Profil Low Tuck Kwong, Orang Terkaya Kedua di Indonesia Berharta Rp187,8 Triliun

Jum'at, 09 Desember 2022 - 19:58 WIB
loading...
A A A
Selama tahun 1990-an produksi dalam negeri meroket dari 4,4 juta ton menjadi 80,9 juta ton, dibantu oleh kebijakan pro-penambang yang meningkatkan investasi. Pada November 1997, setelah berpengalaman satu dekade dan dengan kewarganegaraan Indonesia yang dibutuhkan (ia mendapatkannya pada tahun 1992), Low membeli konsesi pertamanya: Gunungbayan Pratamacoal, di Kalimantan Timur.

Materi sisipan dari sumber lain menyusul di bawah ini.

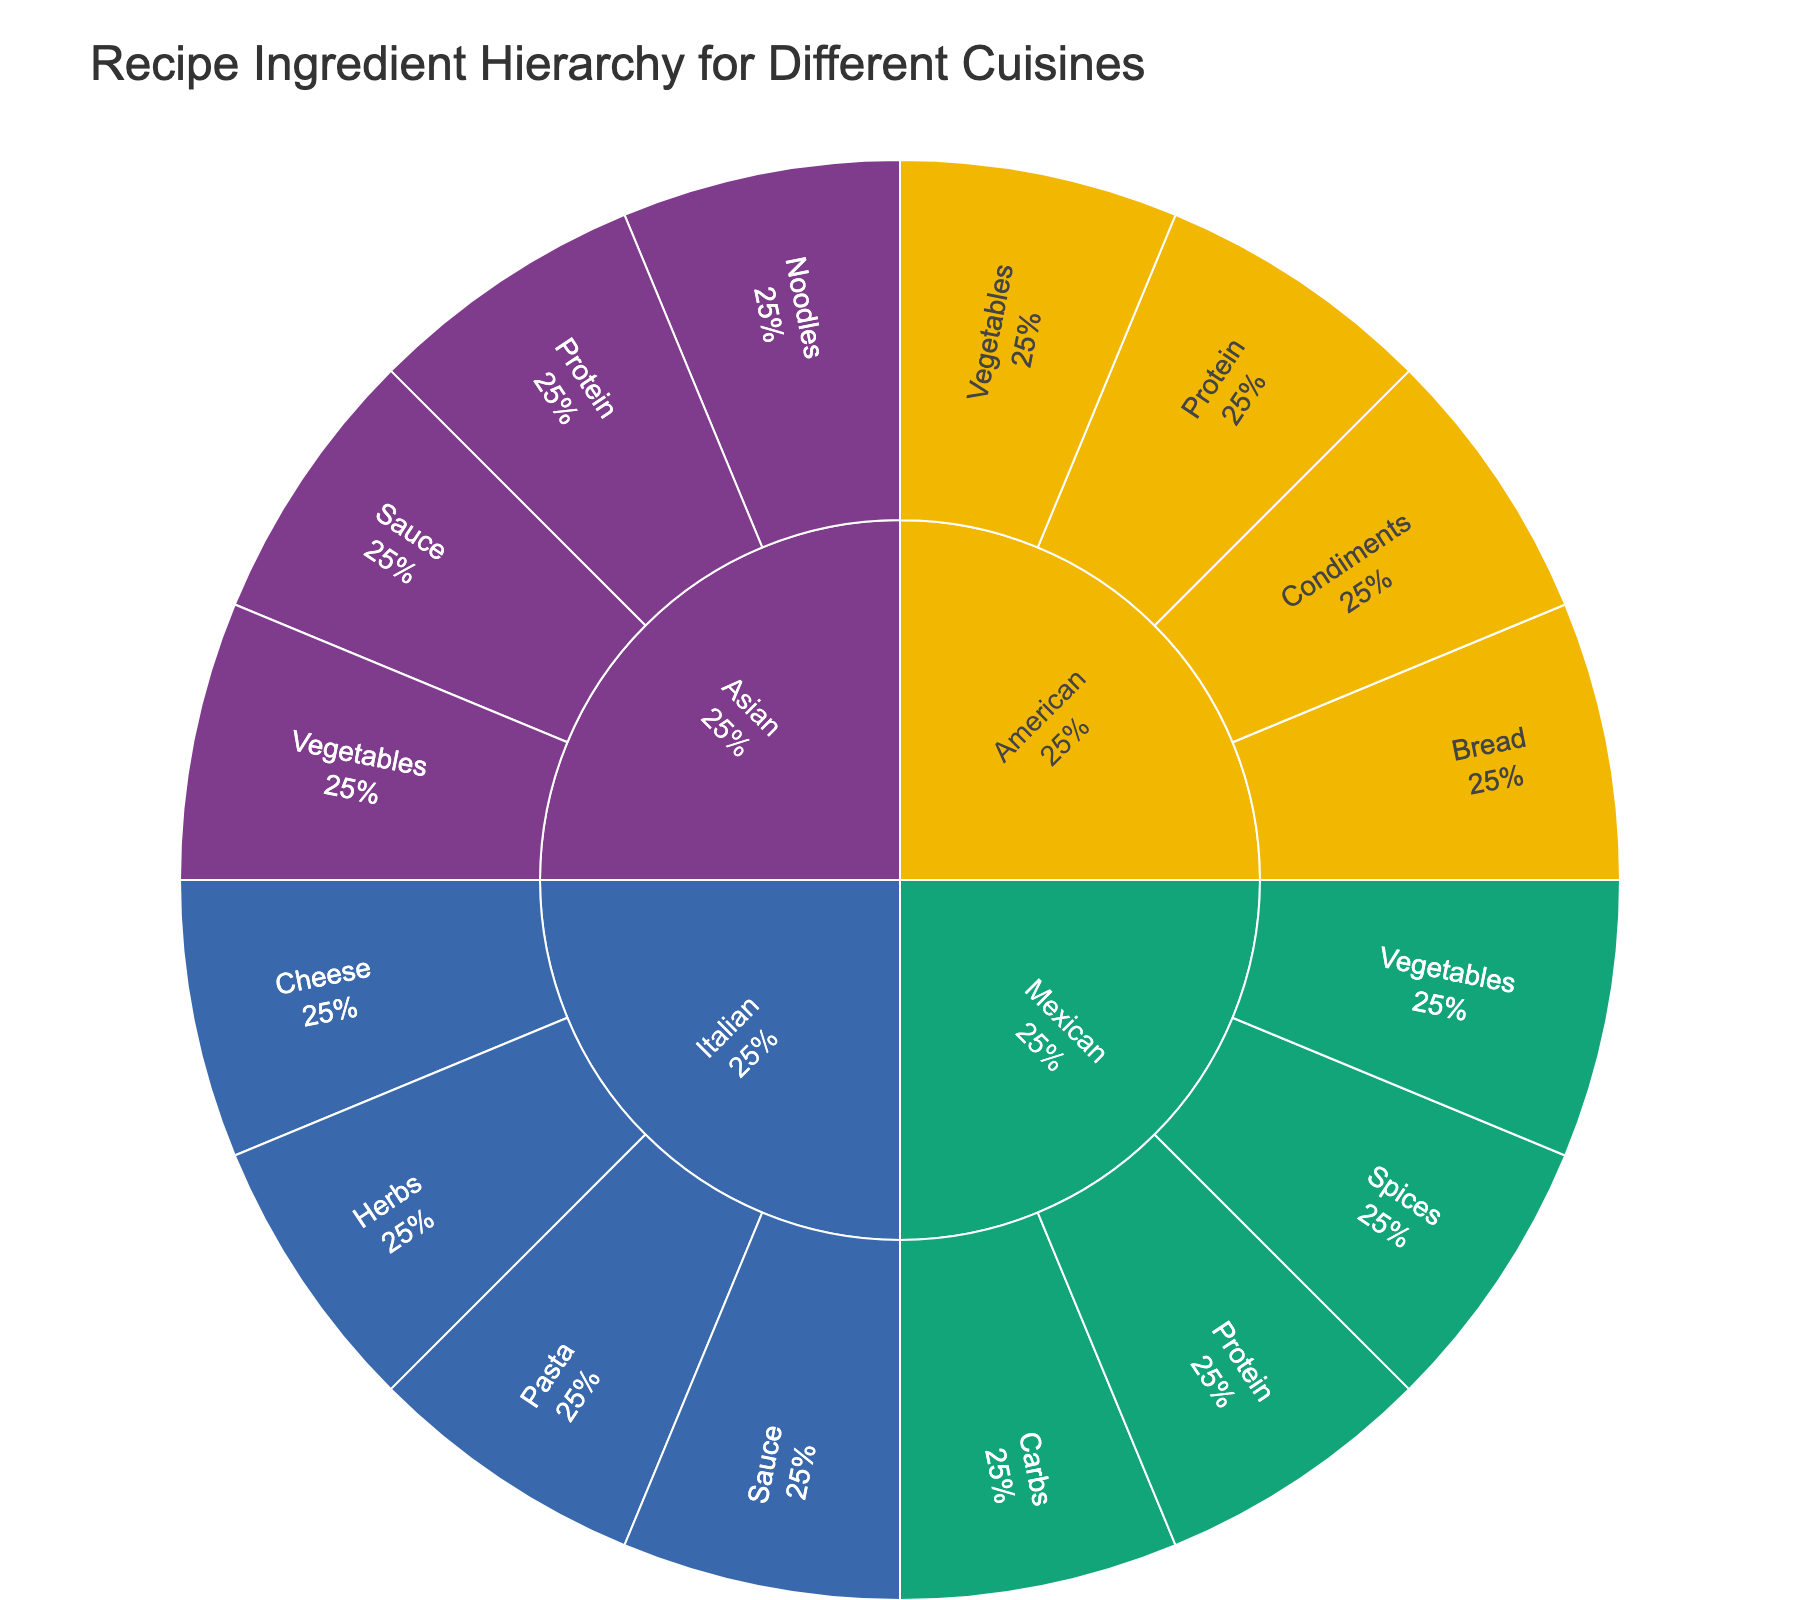What's the title of the figure? The title is positioned at the top of the figure. It provides an overall description of what the visual represents.
Answer: Recipe Ingredient Hierarchy for Different Cuisines How many main cuisines are represented in the plot? To find the number of main cuisines, look at the outermost circle, which denotes the categories. Count the unique segments.
Answer: 4 Which category has the most subcategories? To determine this, check the different segments branching out from each main cuisine category and count the subcategories per cuisine.
Answer: Italian Which Italian subcategory has the most ingredients? Within the Italian category, count the ingredients under each subcategory by looking at the inner ring segments corresponding to each subcategory.
Answer: Pasta How many ingredients are listed under the Mexican category? Look at the size and number of segments branching from the Mexican category. Count all the ingredients in those segments.
Answer: 8 What percentage of the Italian subcategory is represented by Cheese? Find the Cheese subcategory under Italian and look at its segment. The plot should show the percentage of its parent (Italian category).
Answer: 33% Which ingredients are common between Mexican and American cuisines? Compare the ingredients listed under each subcategory for Mexican and American cuisines to identify any overlaps.
Answer: Chicken Which cuisine category contains Shrimp? Locate Shrimp by scanning through the inner ring of ingredients, and identify the corresponding outer ring category.
Answer: Asian Which cuisine has Tortillas as an ingredient? Scan for Tortillas in the inner ring of ingredients and identify the corresponding outer ring category.
Answer: Mexican Between Asian and American cuisines, which has more different types of subcategories? Count the different subcategories under the Asian and American sections and compare their numbers.
Answer: Asian

Produksi dimulai pada tahun 1998 —yang merupakan waktu yang suram untuk memulai bisnis di Indonesia, di tengah Krisis Keuangan Asia dan gejolak politik yang mencakup kerusuhan di Jakarta dan Soeharto yang didorong keluar dari kekuasaan.

Dengan pengiriman pertamanya, penambang kehilangan USD3 per ton karena harga yang merosot. "Perjalanan kami tidak mudah sejak awal. Orang-orang menertawakan kami (karena membeli tambang). Mereka bilang kami gila," kenang Low.

Saat itu ada hambatan logistik yang serius untuk penambangan di Kalimantan Timur yang kaya akan batu bara. Dibandingkan dengan tambang batu bara lainnya, Multi Harapan Utama, konsesi pertama Low dua kali lebih jauh dari pelabuhan di Balikpapan, dan tongkangnya harus menempuh perjalanan empat hari ke hilir.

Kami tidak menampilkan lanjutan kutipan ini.